Monosodium Glutamate (MSG) induced Obesity Modeling & Pharmacodynamics Service
Creative Biolabs offers a variety of well-established models for evaluating obesity therapies, including the monosodium glutamate (MSG)-induced obesity model, which provides an ideal platform for investigating the underlying mechanisms of obesity and testing potential therapeutic agents.
Introduction
Obesity is a complex, multifactorial disease characterized by an excessive accumulation of body fat. It is associated with various comorbidities, including cardiovascular diseases, diabetes, hypertension, and metabolic syndrome. The global prevalence of obesity has been rising at an alarming rate, making it one of the leading public health concerns. Obesity can be caused by a combination of genetic, environmental, and lifestyle factors, and its management often involves weight reduction strategies such as diet, exercise, and pharmacotherapy. Obesity models are essential tools in preclinical research to evaluate the efficacy of anti-obesity drugs and treatments.
Disease Models and Applications
The Monosodium Glutamate (MSG)-Induced Obesity Model is widely used in obesity research to simulate diet-induced obesity in rodents. MSG, a flavor enhancer, is administered to neonate rats or mice, causing damage to hypothalamic neurons, which in turn disrupts the regulation of appetite and energy balance. This results in increased food intake, impaired satiety, and a tendency to develop obesity. This model is especially useful for studying neuroendocrine dysfunction and the role of the hypothalamus in obesity. It is characterized by rapid weight gain, elevated adiposity, and insulin resistance, making it an excellent tool for investigating metabolic disorders related to obesity. While this model offers valuable insights into the neural mechanisms of obesity, its main limitation is that it does not fully replicate the human condition of obesity, which often involves complex interactions between environmental and genetic factors.
- Simulates: The MSG-Induced Obesity Model simulates obesity, particularly through mechanisms related to neuroendocrine dysfunction. It is particularly useful for studying the role of the hypothalamus in regulating food intake and energy expenditure.
- Evaluates Drugs: This model is ideal for evaluating anti-obesity drugs, such as appetite suppressants, insulin sensitizers, and compounds that regulate adipogenesis or thermogenesis. It can also be used to assess the efficacy of drugs targeting metabolic disorders like insulin resistance and hyperglycemia.
Measurements
We offer a comprehensive set of measurements for evaluating drug efficacy in the MSG-induced obesity model, utilizing a range of cutting-edge techniques, including but not limited to:
- General observations: body weight, food intake, metabolic rate, and changes in behavior or activity levels.
- Immunohistochemistry: staining for hypothalamic changes, adipose tissue inflammation, and neural damage.
- Cytokine profiling (e.g., ELISA): measurement of inflammatory markers such as TNF-α, IL-6, and IL-1β in plasma and tissues.
- Metabolic parameters: blood glucose levels, insulin sensitivity, and lipid profiles.
- Gene/protein expression: RT-PCR and Western blotting to assess the expression of genes involved in metabolic pathways, adipogenesis, and inflammation.
In addition to these established metrics, our scientific team offers guidance in model selection, experimental design, and data analysis, ensuring that your project is carried out with precision and relevance to your research goals.
Related Services
In addition to the monosodium glutamate (MSG)-Induced obesity model, we also offer a wide range of models for other diseases.
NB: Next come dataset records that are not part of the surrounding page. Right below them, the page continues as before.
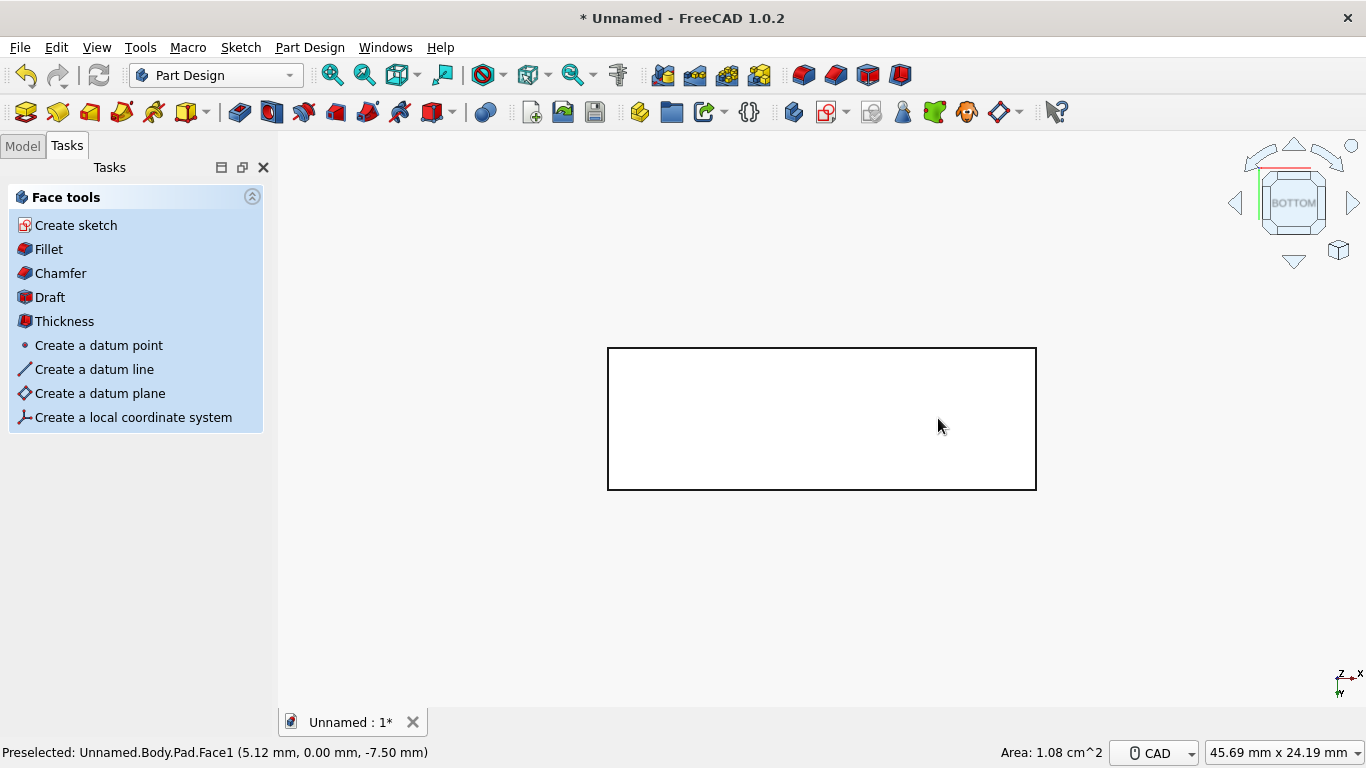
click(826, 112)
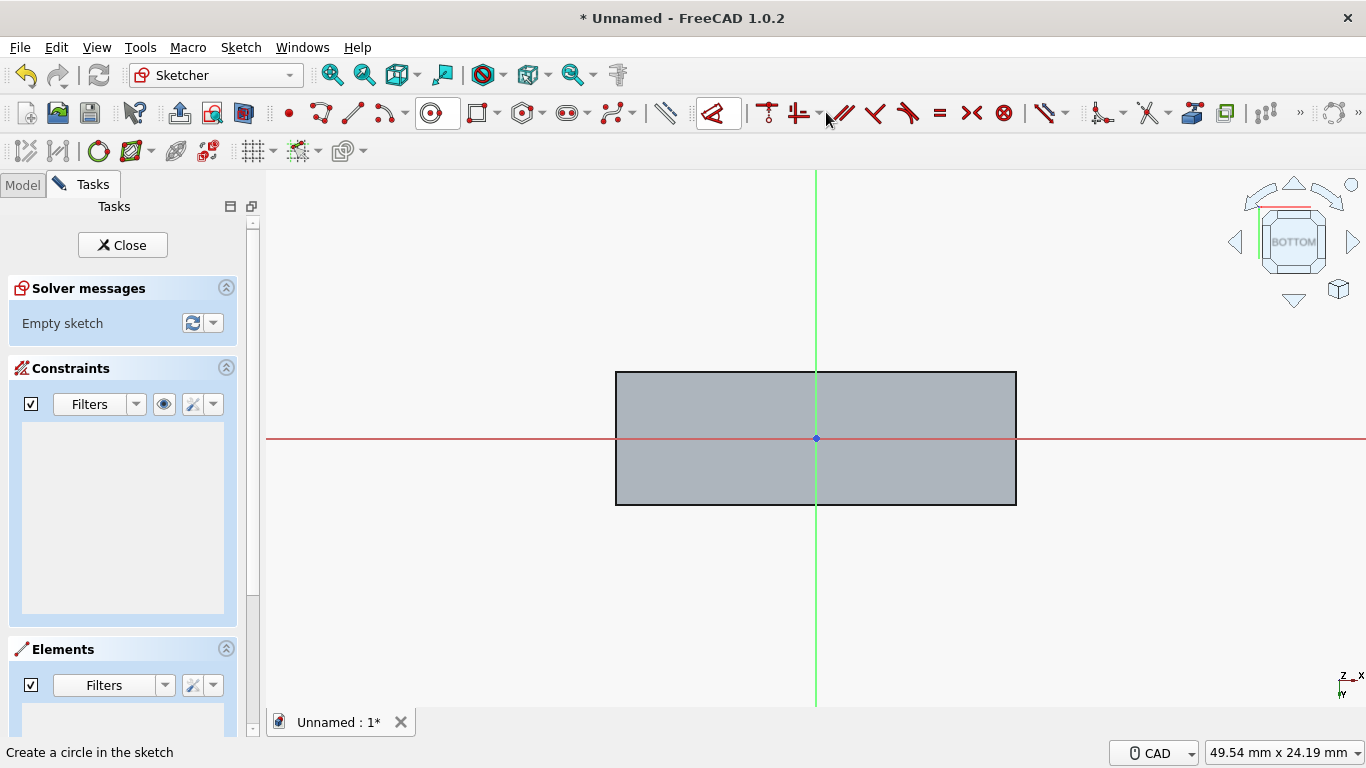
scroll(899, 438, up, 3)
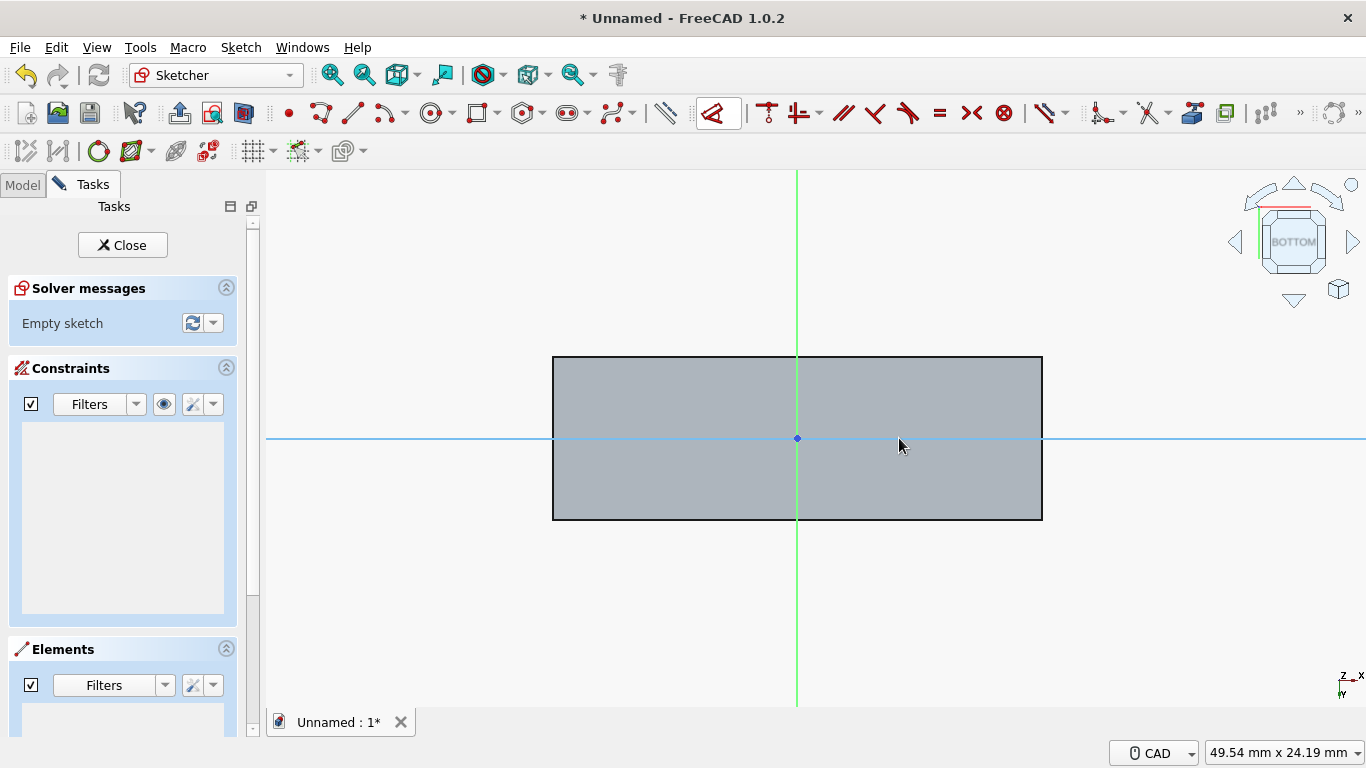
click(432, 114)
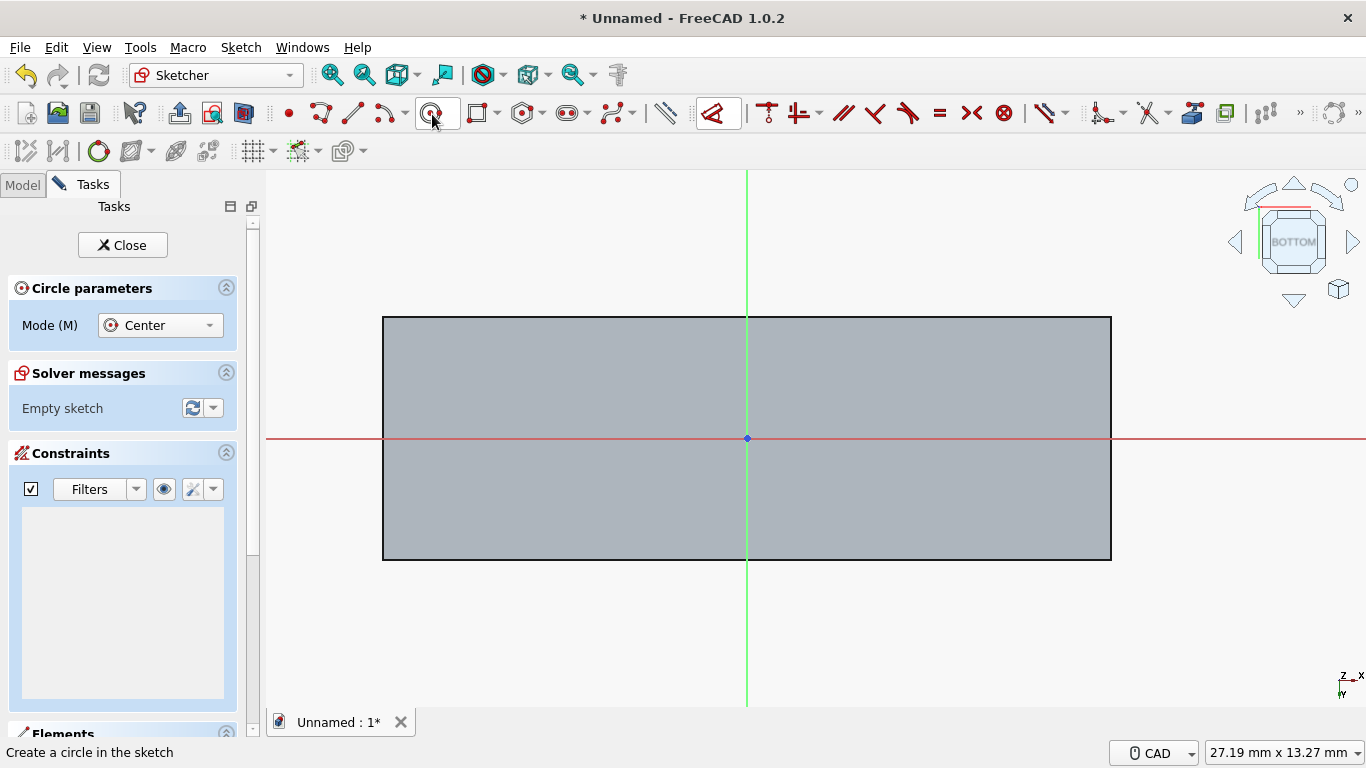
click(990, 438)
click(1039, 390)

These models enable comprehensive evaluation across diverse therapeutic areas.
- High-Fat Diet induced Obesity Model
- High-Fat & High-Carbohydrate Diet induced Obesity Model
- Cafeteria Diet induced Obesity Model
- ob/ob Obesity Mouse Model
Advantages
- Expertise and Experience: Decades of experience in providing specialized obesity models and preclinical research support.
- Customizable Models: Tailored obesity models, including the MSG-Induced Obesity Model, to suit your specific research needs.
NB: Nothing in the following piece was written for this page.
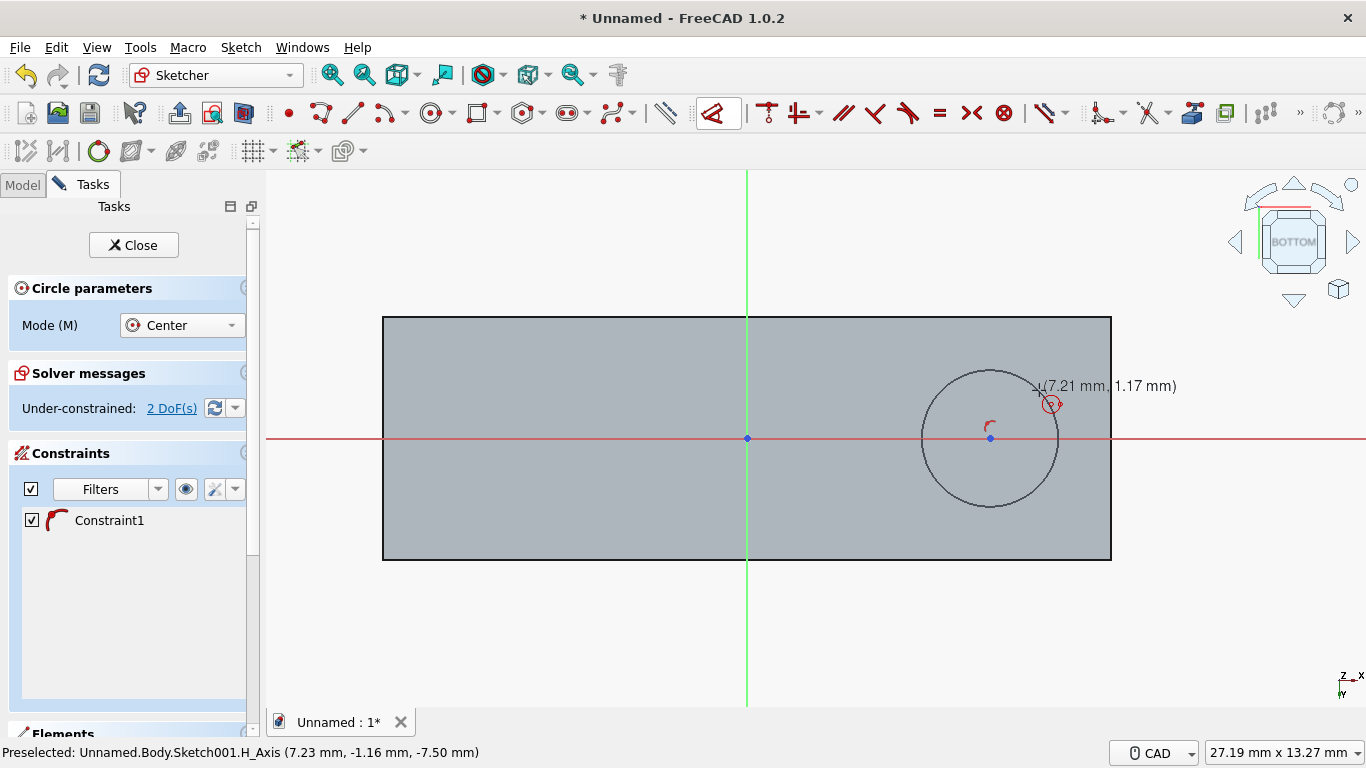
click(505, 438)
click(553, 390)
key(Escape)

- Advanced Technologies: Use of cutting-edge technologies for accurate and reliable results.
- Comprehensive Support: Expert assistance in experimental design, model selection, and data analysis.
- High-Quality Standards: Strict quality control processes to ensure reproducibility and reliability of results.
Work with Us
- Summarize the project requirements and fill in the information collection form.
- Sign a CDA from both parties to further communicate information, such as targets.
- Select an animal model, discuss experimental design, and determine assay parameters.
- Project costing and project schedule forecasting.
- We provide a detailed project plan, including the required sample quantities, methods, and protocols.
- Both parties confirm the project details and start the project.
- Confirm the timeline of the project.
- We provide periodic results and information on the animal's condition.
- We will work together to make project adjustments as necessary.
- We provide a comprehensive project report promptly.
- We arrange transportation for the produced samples.
- We provide a discussion of the project results and help to arrange the next steps.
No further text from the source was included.